Chinese President Xi Jinping sees Prime Minister Narendra Modi as a leader who is willing to stand up for Indian interests and to work together with other countries in the region that are looking to impose constraints on China, a top American Chinese expert has said.
“I think that Xi Jinping sees Prime Minister Modi as a leader who is willing to stand up for Indian interests and to work together with other countries in the region that are looking to impose constraints on China, and particularly the US and Japan, and that’s something, I think Beijing is worried about,” Bonnie S Glaser from Center for Strategic and International Studies (CSIS) said.
Glaser, a senior adviser for Asia and the director of the China Power Project at CSIS, a top American think-tank, based in Washington DC, felt that China does not sees itself as benefitting from a tense relationship with India.

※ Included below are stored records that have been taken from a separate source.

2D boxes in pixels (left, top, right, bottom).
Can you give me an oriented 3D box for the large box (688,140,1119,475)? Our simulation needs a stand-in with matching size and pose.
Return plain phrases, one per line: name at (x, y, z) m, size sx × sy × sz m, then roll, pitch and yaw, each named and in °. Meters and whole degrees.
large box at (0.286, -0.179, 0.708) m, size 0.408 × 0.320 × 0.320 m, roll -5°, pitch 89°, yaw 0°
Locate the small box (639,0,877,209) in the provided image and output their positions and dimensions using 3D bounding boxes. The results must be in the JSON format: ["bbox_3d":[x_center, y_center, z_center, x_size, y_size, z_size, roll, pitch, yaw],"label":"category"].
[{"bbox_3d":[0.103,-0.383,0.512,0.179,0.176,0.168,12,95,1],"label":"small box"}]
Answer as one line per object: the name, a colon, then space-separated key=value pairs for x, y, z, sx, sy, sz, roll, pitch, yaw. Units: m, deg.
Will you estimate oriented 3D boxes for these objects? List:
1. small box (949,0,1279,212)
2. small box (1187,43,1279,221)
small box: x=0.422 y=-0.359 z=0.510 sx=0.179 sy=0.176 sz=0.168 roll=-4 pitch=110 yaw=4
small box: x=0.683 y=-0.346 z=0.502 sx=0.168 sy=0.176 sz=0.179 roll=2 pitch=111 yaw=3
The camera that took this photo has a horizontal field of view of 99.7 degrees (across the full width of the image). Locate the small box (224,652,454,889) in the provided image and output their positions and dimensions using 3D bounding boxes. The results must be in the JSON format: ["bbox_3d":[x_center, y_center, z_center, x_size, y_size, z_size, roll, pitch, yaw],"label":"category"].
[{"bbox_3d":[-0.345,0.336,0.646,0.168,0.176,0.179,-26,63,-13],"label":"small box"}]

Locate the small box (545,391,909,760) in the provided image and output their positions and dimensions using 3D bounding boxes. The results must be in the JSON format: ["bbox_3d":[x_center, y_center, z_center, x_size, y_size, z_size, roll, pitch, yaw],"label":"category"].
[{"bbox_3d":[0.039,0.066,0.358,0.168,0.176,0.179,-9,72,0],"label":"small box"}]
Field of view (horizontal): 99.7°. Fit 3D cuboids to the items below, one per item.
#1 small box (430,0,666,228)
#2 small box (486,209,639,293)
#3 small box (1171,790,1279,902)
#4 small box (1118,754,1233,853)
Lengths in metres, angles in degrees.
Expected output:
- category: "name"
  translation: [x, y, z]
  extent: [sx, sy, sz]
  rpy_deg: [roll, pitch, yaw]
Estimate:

“Very early on Xi Jinping went to Delhi and tried to engage with Prime Minister Modi. I think he had hoped that India would have a policy that would not challenge Chinese interest. But I think it has really not worked out that way as he’s continued to be involved in the South China Sea,” she noted.
“There are obviously differences between the two countries, in the Indian Oceanand other maritime areas. China doesn’t see itself as benefiting from a tense relationship with India. After all, the two countries share a long border,” said Glaser, who is keeping a close watch on the developments in Doklam.
India and China have been locked in a stand-off in Doklam since June 16 after Chinese troops began constructing a road near the Bhutan trijunction.
Glaser, who has served as a member of the Defense Department’s defense policy board China Panel in 1997, said China sees India as a major challenger to it in the long term.
“China sees India as the biggest rising developing power that in the longer run, … could pose challenges. In the near term, China worries most about India’s cooperation with other countries, forging coalitions with other countries like Japan, Australia, and the US, to counter Chinese power influence in the region, so that is a negative set of developments,” she noted.
India, she said, is the only country in the world that opposes explicitly China’s One Belt and One Road Initiative.
“China doesn’t see India as posing very much of a military threat. China hasn’t taken India’s nuclear arsenal, for example, as a major threat to its security, but increasingly sees India as a political threat to China, in part because it is cooperation with lots of other powers to constrain China,” she said.
While Doklam stand-off continues, India’s position and its end result could have large implication on other countries in the region, especially those who have border dispute with China, she noted.
“If China succeeds in having its way with other countries, and certainly with India, this could embolden China to be even more extrapolous, more unbending in dealing with countries with which it has territorial disputes,” Glaser said.
China thinks that its growing economic, political and military power is giving it enough clout to be able to turn these disputes and differences with countries in its own favor, she said.
“That’s worrisome to me because we’ve seen China over the last couple of years use economic coercion against countries, South Korea being the latest example of that. Its worrisome if China draws the lesson that it can use economic coercion, military power, political pressure in order to have its way,” she said.
“If China ends up winning, or in other words, if India pulls back its troops, China is able to go ahead and build this road and ultimately India and Bhutan are forced to accept it even though they believe it’s against their national interest, particularly India,” Glaser said.
“That could embolden China further in dealing with territorial disputes with other neighbors,” she said in response to a question.
“China already had a bit of a win with the Philippines with the election of Duterte. There’s now discussion underway of joint development between China and the Philippines, and I think that has emboldened Beijing in dealing with Vietnam, basically forcing the Vietnamese to stop the drilling that has been underway off of Vietnam’s coast,” she observed.
Responding to another question, Glaser said US will avoid getting directly involved because any US involvement really would only make the crisis worse.
“China would dig in its heels even more if the United States is seen as explicitly backing India. The strongest US interest is in de-escalation of the crisis,” she said.
She, however, did not rule out further escalation of the border stand-off.
“Clearly China and India do not have an interest in having a military conflict. But one cannot rule it out,” she said.
One possible outcome, she said, is that this stand-off just continues through the winter when the weather deteriorates and then both sides have to pull out their troops and then there is a sort of gradual stand down.
“China probably cannot build this road during the winter so it would have to wait until next spring, and that might provide a breather, an opportunity for both sides to actually talk about it,” she said.
“Another possibility is that Bhutan steps up, and not necessarily plays the role of mediator, but takes a position that enables China and India to move back their troops,” she added.
“For example, Bhutan could thank India very much for its assistance and say for the time being that India can pull back its forces and perhaps even replace some of those troops with its own troops. That’s another possible face-saving way out. But again I don’t rule out that there could be a military conflict,” Glaser said.